This AI video generator does it all!

The video highlights Cling’s AI video generation models, Cling 01 and Cling 2.6, which offer advanced capabilities like multimodal input editing, seamless object and background replacement, native audio generation, and realistic physics-based animations. These models provide intuitive, high-quality video creation and editing tools that outperform competitors, making AI-driven video production more accessible and versatile for creators.
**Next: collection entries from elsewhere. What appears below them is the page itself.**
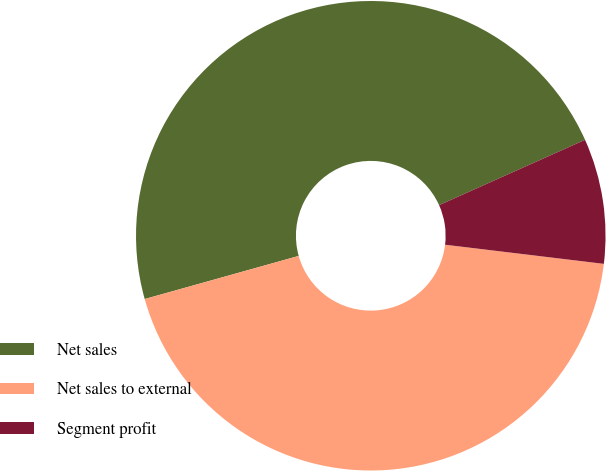<chart> <loc_0><loc_0><loc_500><loc_500><pie_chart><fcel>Net sales<fcel>Net sales to external<fcel>Segment profit<nl><fcel>47.65%<fcel>43.75%<fcel>8.61%<nl></chart> 
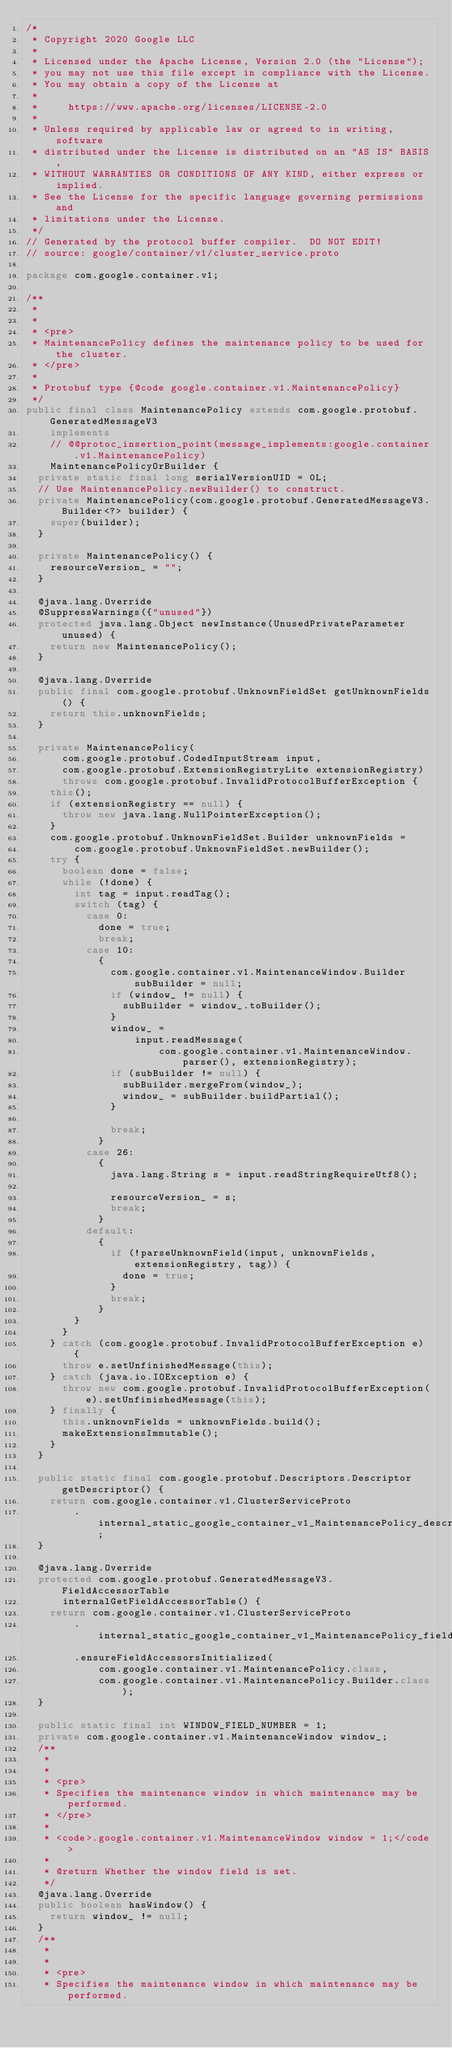Convert code to text. <code><loc_0><loc_0><loc_500><loc_500><_Java_>/*
 * Copyright 2020 Google LLC
 *
 * Licensed under the Apache License, Version 2.0 (the "License");
 * you may not use this file except in compliance with the License.
 * You may obtain a copy of the License at
 *
 *     https://www.apache.org/licenses/LICENSE-2.0
 *
 * Unless required by applicable law or agreed to in writing, software
 * distributed under the License is distributed on an "AS IS" BASIS,
 * WITHOUT WARRANTIES OR CONDITIONS OF ANY KIND, either express or implied.
 * See the License for the specific language governing permissions and
 * limitations under the License.
 */
// Generated by the protocol buffer compiler.  DO NOT EDIT!
// source: google/container/v1/cluster_service.proto

package com.google.container.v1;

/**
 *
 *
 * <pre>
 * MaintenancePolicy defines the maintenance policy to be used for the cluster.
 * </pre>
 *
 * Protobuf type {@code google.container.v1.MaintenancePolicy}
 */
public final class MaintenancePolicy extends com.google.protobuf.GeneratedMessageV3
    implements
    // @@protoc_insertion_point(message_implements:google.container.v1.MaintenancePolicy)
    MaintenancePolicyOrBuilder {
  private static final long serialVersionUID = 0L;
  // Use MaintenancePolicy.newBuilder() to construct.
  private MaintenancePolicy(com.google.protobuf.GeneratedMessageV3.Builder<?> builder) {
    super(builder);
  }

  private MaintenancePolicy() {
    resourceVersion_ = "";
  }

  @java.lang.Override
  @SuppressWarnings({"unused"})
  protected java.lang.Object newInstance(UnusedPrivateParameter unused) {
    return new MaintenancePolicy();
  }

  @java.lang.Override
  public final com.google.protobuf.UnknownFieldSet getUnknownFields() {
    return this.unknownFields;
  }

  private MaintenancePolicy(
      com.google.protobuf.CodedInputStream input,
      com.google.protobuf.ExtensionRegistryLite extensionRegistry)
      throws com.google.protobuf.InvalidProtocolBufferException {
    this();
    if (extensionRegistry == null) {
      throw new java.lang.NullPointerException();
    }
    com.google.protobuf.UnknownFieldSet.Builder unknownFields =
        com.google.protobuf.UnknownFieldSet.newBuilder();
    try {
      boolean done = false;
      while (!done) {
        int tag = input.readTag();
        switch (tag) {
          case 0:
            done = true;
            break;
          case 10:
            {
              com.google.container.v1.MaintenanceWindow.Builder subBuilder = null;
              if (window_ != null) {
                subBuilder = window_.toBuilder();
              }
              window_ =
                  input.readMessage(
                      com.google.container.v1.MaintenanceWindow.parser(), extensionRegistry);
              if (subBuilder != null) {
                subBuilder.mergeFrom(window_);
                window_ = subBuilder.buildPartial();
              }

              break;
            }
          case 26:
            {
              java.lang.String s = input.readStringRequireUtf8();

              resourceVersion_ = s;
              break;
            }
          default:
            {
              if (!parseUnknownField(input, unknownFields, extensionRegistry, tag)) {
                done = true;
              }
              break;
            }
        }
      }
    } catch (com.google.protobuf.InvalidProtocolBufferException e) {
      throw e.setUnfinishedMessage(this);
    } catch (java.io.IOException e) {
      throw new com.google.protobuf.InvalidProtocolBufferException(e).setUnfinishedMessage(this);
    } finally {
      this.unknownFields = unknownFields.build();
      makeExtensionsImmutable();
    }
  }

  public static final com.google.protobuf.Descriptors.Descriptor getDescriptor() {
    return com.google.container.v1.ClusterServiceProto
        .internal_static_google_container_v1_MaintenancePolicy_descriptor;
  }

  @java.lang.Override
  protected com.google.protobuf.GeneratedMessageV3.FieldAccessorTable
      internalGetFieldAccessorTable() {
    return com.google.container.v1.ClusterServiceProto
        .internal_static_google_container_v1_MaintenancePolicy_fieldAccessorTable
        .ensureFieldAccessorsInitialized(
            com.google.container.v1.MaintenancePolicy.class,
            com.google.container.v1.MaintenancePolicy.Builder.class);
  }

  public static final int WINDOW_FIELD_NUMBER = 1;
  private com.google.container.v1.MaintenanceWindow window_;
  /**
   *
   *
   * <pre>
   * Specifies the maintenance window in which maintenance may be performed.
   * </pre>
   *
   * <code>.google.container.v1.MaintenanceWindow window = 1;</code>
   *
   * @return Whether the window field is set.
   */
  @java.lang.Override
  public boolean hasWindow() {
    return window_ != null;
  }
  /**
   *
   *
   * <pre>
   * Specifies the maintenance window in which maintenance may be performed.</code> 
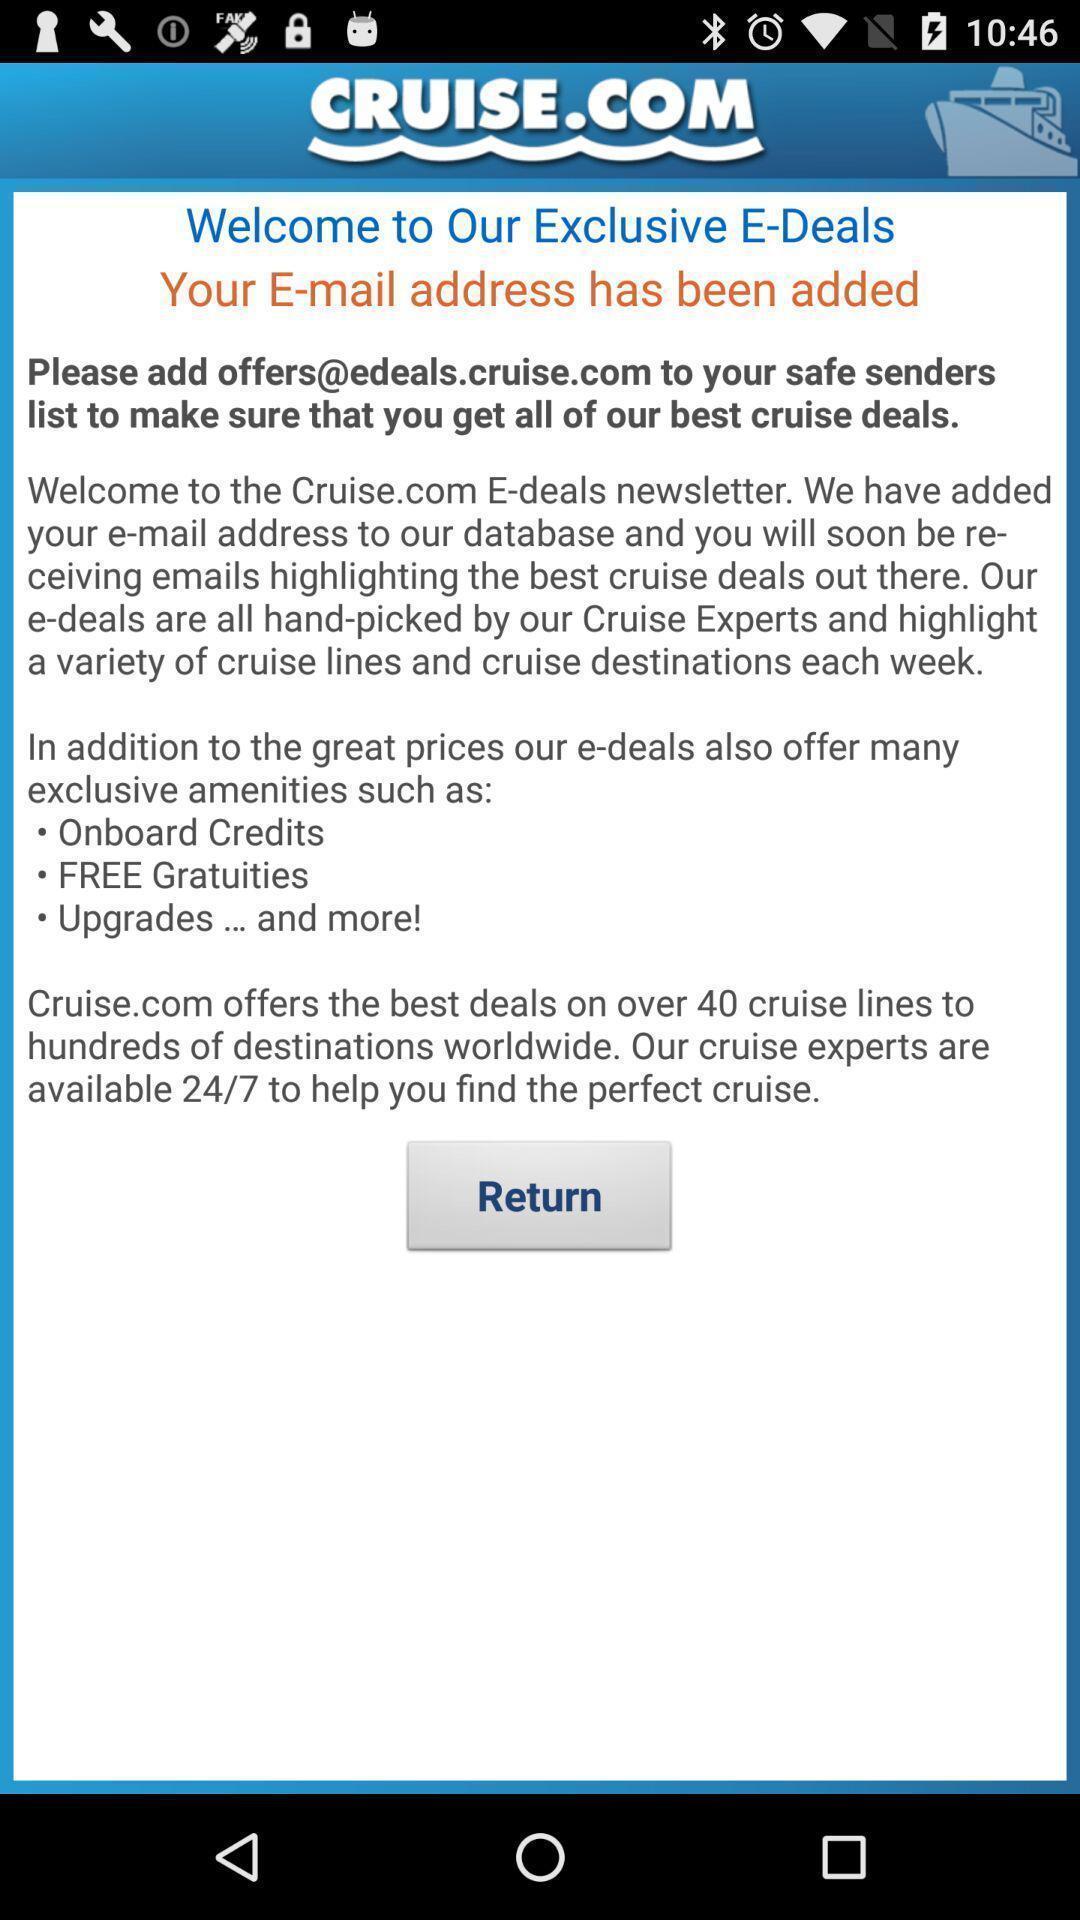What details can you identify in this image? Welcome page.

The video showcases two powerful AI video generation models from Cling: Cling 01 and Cling 2.6. Cling 01 is a unified multimodal model that can take text, images, and videos simultaneously as input to create or edit videos. It allows users to replace backgrounds, characters, or objects seamlessly by simply dragging and dropping reference images or videos and providing prompts. The model can generate videos up to 10 seconds long in various aspect ratios and is highly flexible, enabling tasks like turning backgrounds into green screens or merging characters of different art styles into one video. Users can also create custom elements by uploading reference images and generating additional views, which can then be inserted into videos for marketing or creative purposes.

Cling 01 excels at editing existing videos by understanding the content and applying changes based on user prompts. Examples include removing people from backgrounds, changing seasons in a scene, turning swords into flaming blades, or swapping backgrounds from deserts to cities or arctic tundras. It can also generate new shots of the same scene from different angles, preserving the original look and motion. The model is particularly impressive in maintaining product consistency when replacing objects like handbags in videos, capturing fine details such as logos and stitching. Overall, Cling 01 represents a future where AI video editing requires no manual control nets or complex setups, just intuitive prompts and drag-and-drop inputs.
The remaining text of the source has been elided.